#### What the task asks
In this exercise, the entries below include pictures. Repeat exactly the lines from the line with "Answer yes or no. Yes. Is Dark Olive the" to the line with "<formula> <loc_0><loc_0><loc_500><loc_500>\langle f", including both, but without the pictures.

#### Information
——

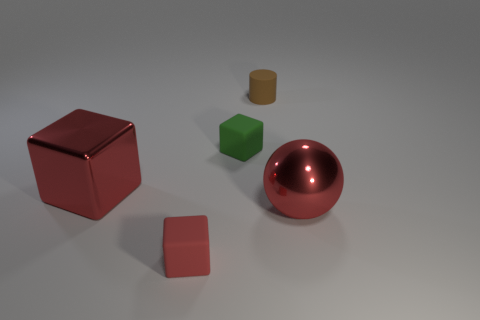Add 2 big red shiny things. How many objects exist? 7 Subtract all cylinders. How many objects are left? 4 Add 3 big gray matte balls. How many big gray matte balls exist? 3 Subtract 0 gray cubes. How many objects are left? 5 Subtract all small metallic cubes. Subtract all large red spheres. How many objects are left? 4 Add 2 big balls. How many big balls are left? 3 
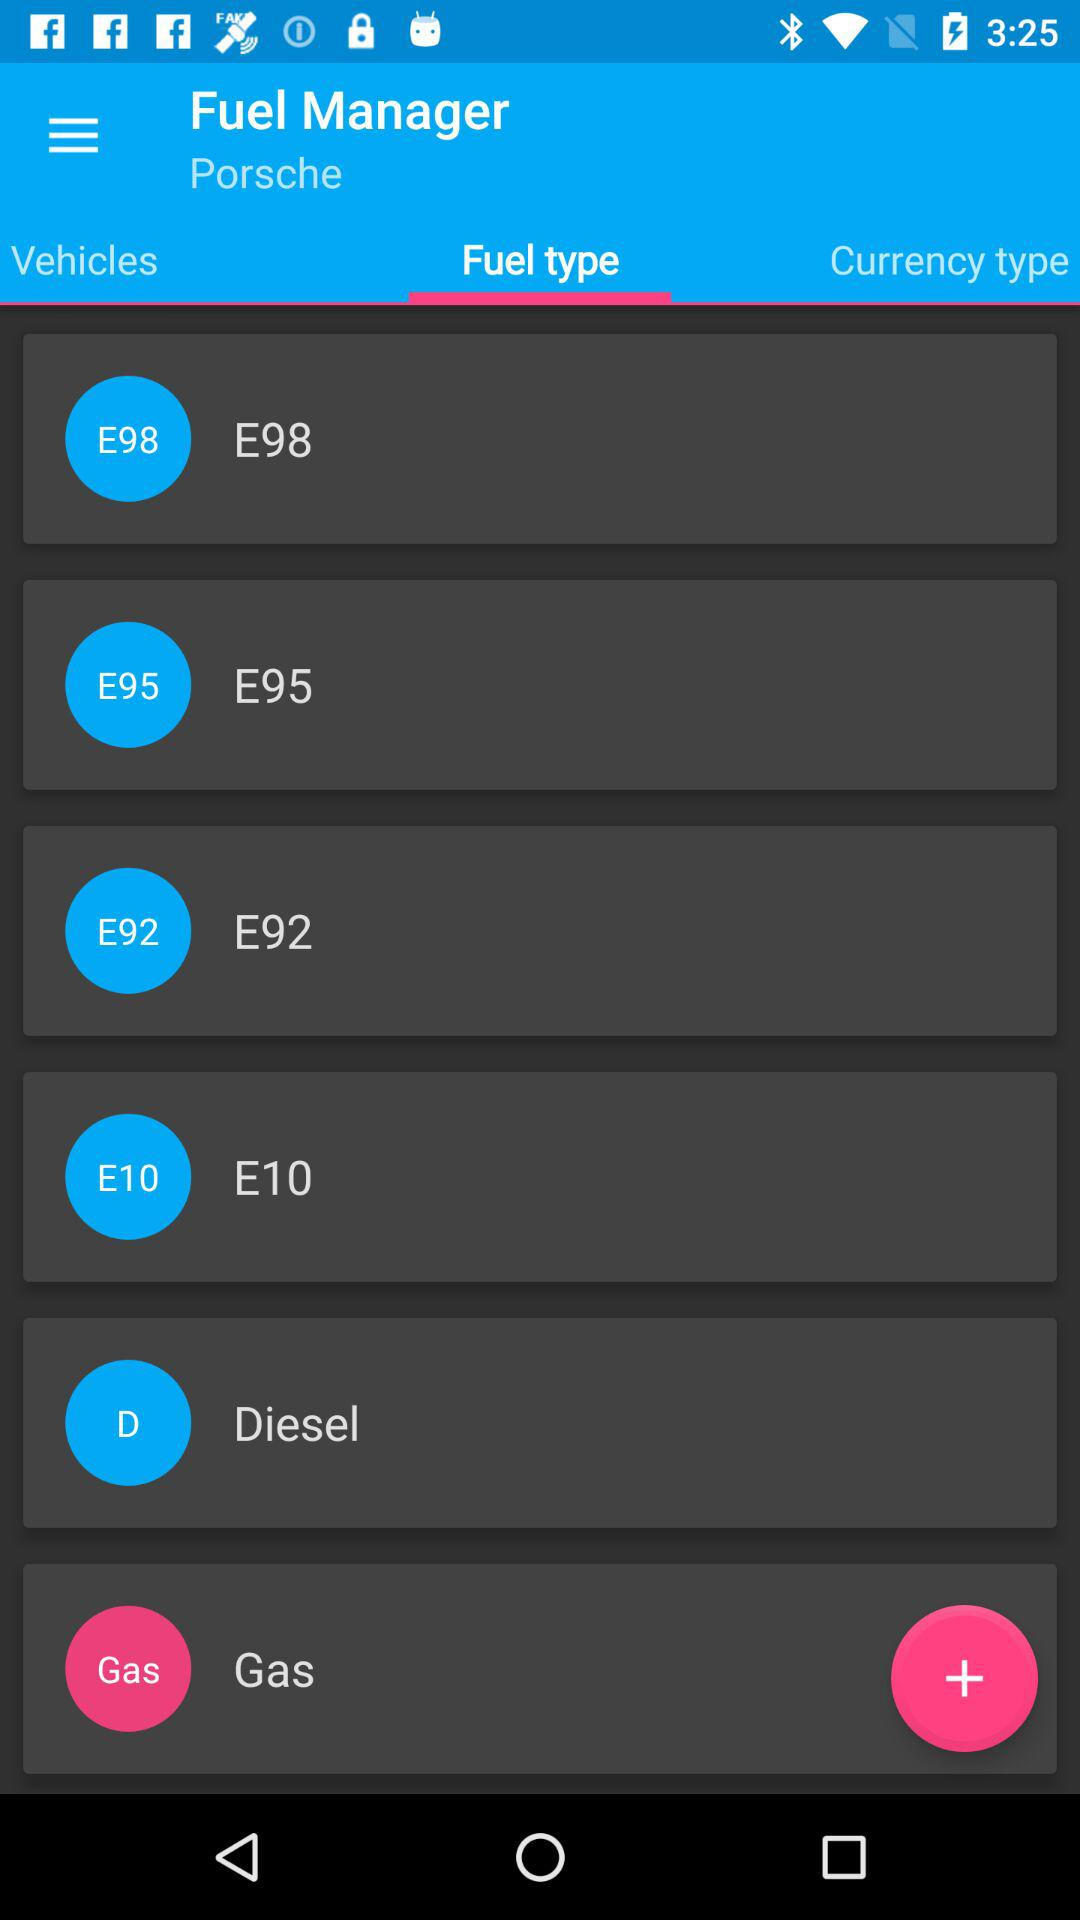Which tab is open? The tab that is open is "Fuel type". 
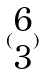<formula> <loc_0><loc_0><loc_500><loc_500>( \begin{matrix} 6 \\ 3 \end{matrix} )</formula> 
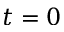<formula> <loc_0><loc_0><loc_500><loc_500>t = 0</formula> 
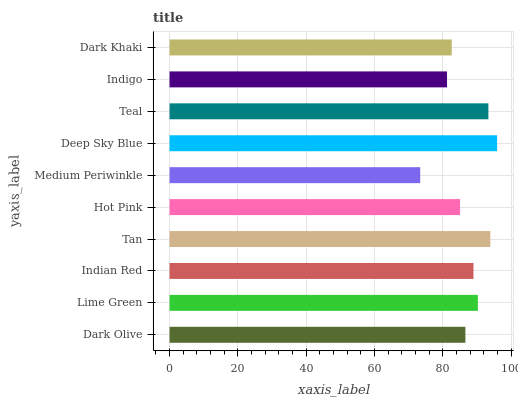Is Medium Periwinkle the minimum?
Answer yes or no. Yes. Is Deep Sky Blue the maximum?
Answer yes or no. Yes. Is Lime Green the minimum?
Answer yes or no. No. Is Lime Green the maximum?
Answer yes or no. No. Is Lime Green greater than Dark Olive?
Answer yes or no. Yes. Is Dark Olive less than Lime Green?
Answer yes or no. Yes. Is Dark Olive greater than Lime Green?
Answer yes or no. No. Is Lime Green less than Dark Olive?
Answer yes or no. No. Is Indian Red the high median?
Answer yes or no. Yes. Is Dark Olive the low median?
Answer yes or no. Yes. Is Tan the high median?
Answer yes or no. No. Is Indian Red the low median?
Answer yes or no. No. 
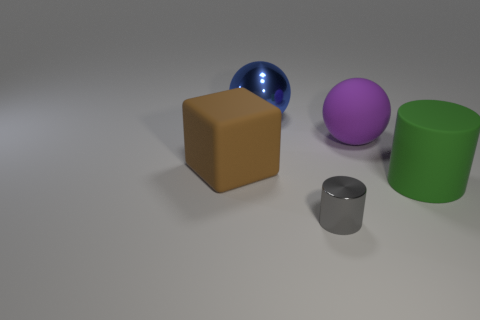Add 3 matte spheres. How many objects exist? 8 Subtract all cylinders. How many objects are left? 3 Subtract 0 purple blocks. How many objects are left? 5 Subtract all tiny red metallic cubes. Subtract all green rubber cylinders. How many objects are left? 4 Add 4 big purple things. How many big purple things are left? 5 Add 1 small rubber things. How many small rubber things exist? 1 
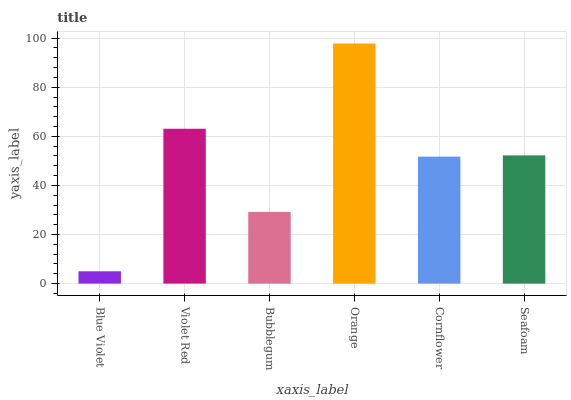Is Blue Violet the minimum?
Answer yes or no. Yes. Is Orange the maximum?
Answer yes or no. Yes. Is Violet Red the minimum?
Answer yes or no. No. Is Violet Red the maximum?
Answer yes or no. No. Is Violet Red greater than Blue Violet?
Answer yes or no. Yes. Is Blue Violet less than Violet Red?
Answer yes or no. Yes. Is Blue Violet greater than Violet Red?
Answer yes or no. No. Is Violet Red less than Blue Violet?
Answer yes or no. No. Is Seafoam the high median?
Answer yes or no. Yes. Is Cornflower the low median?
Answer yes or no. Yes. Is Bubblegum the high median?
Answer yes or no. No. Is Bubblegum the low median?
Answer yes or no. No. 
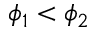Convert formula to latex. <formula><loc_0><loc_0><loc_500><loc_500>\phi _ { 1 } < \phi _ { 2 }</formula> 
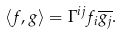<formula> <loc_0><loc_0><loc_500><loc_500>\langle f , g \rangle = \Gamma ^ { i j } f _ { i } \overline { g _ { j } } .</formula> 
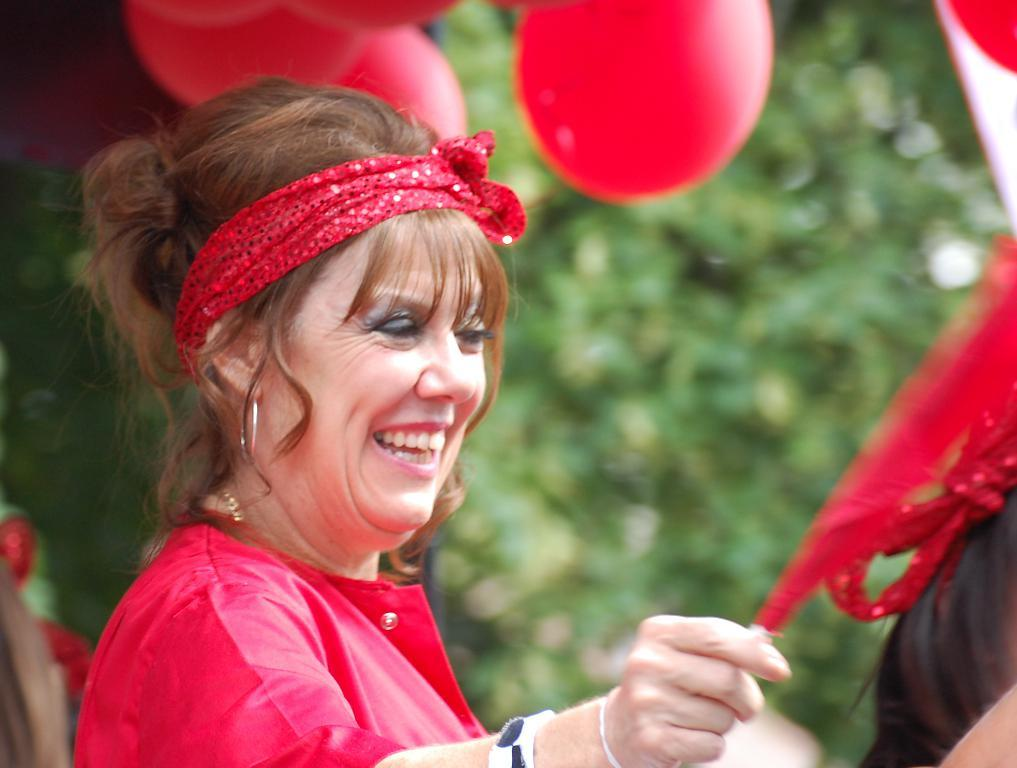Who is present in the image? There is a person in the image. What is the person wearing? The person is wearing a red dress. What can be seen in the background of the image? There are red color balloons and green color trees in the background. What type of punishment is being administered to the person in the image? There is no indication of punishment in the image; the person is simply wearing a red dress and standing in front of red balloons and green trees. 
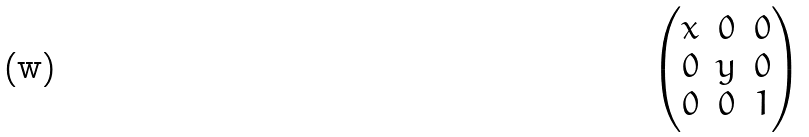<formula> <loc_0><loc_0><loc_500><loc_500>\begin{pmatrix} x & 0 & 0 \\ 0 & y & 0 \\ 0 & 0 & 1 \\ \end{pmatrix}</formula> 
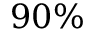Convert formula to latex. <formula><loc_0><loc_0><loc_500><loc_500>9 0 \%</formula>

——

#### Result
Answer yes or no. Yes. Is Dark Olive the low median?
Answer yes or no. Yes. Is Tan the high median?
Answer yes or no. No. Is Indian Red the low median?
Answer yes or no. No. 
Add 3 matte spheres. How many objects exist? 8 Subtract all cylinders. How many objects are left? 3 Subtract 0 purple blocks. How many objects are left? 5 Subtract all tiny red metallic cubes. Subtract all green rubber cylinders. How many objects are left? 4 Add 4 big purple things. How many big purple things are left? 5 Add 1 small rubber things. How many small rubber things exist? 1 
Is Blue Violet the minimum?
Answer yes or no. Yes. Is Orange the maximum?
Answer yes or no. Yes. Is Violet Red the minimum?
Answer yes or no. No. Is Violet Red the maximum?
Answer yes or no. No. Is Violet Red greater than Blue Violet?
Answer yes or no. Yes. Is Blue Violet less than Violet Red?
Answer yes or no. Yes. Is Blue Violet greater than Violet Red?
Answer yes or no. No. Is Violet Red less than Blue Violet?
Answer yes or no. No. Is Seafoam the high median?
Answer yes or no. Yes. Is Cornflower the low median?
Answer yes or no. Yes. Is Bubblegum the high median?
Answer yes or no. No. Is Bubblegum the low median?
Answer yes or no. No. 
Convert formula to latex. <formula><loc_0><loc_0><loc_500><loc_500>\phi _ { 1 } < \phi _ { 2 }</formula> 
<formula> <loc_0><loc_0><loc_500><loc_500>\langle f , g \rangle = \Gamma ^ { i j } f _ { i } \overline { g _ { j } } .</formula> 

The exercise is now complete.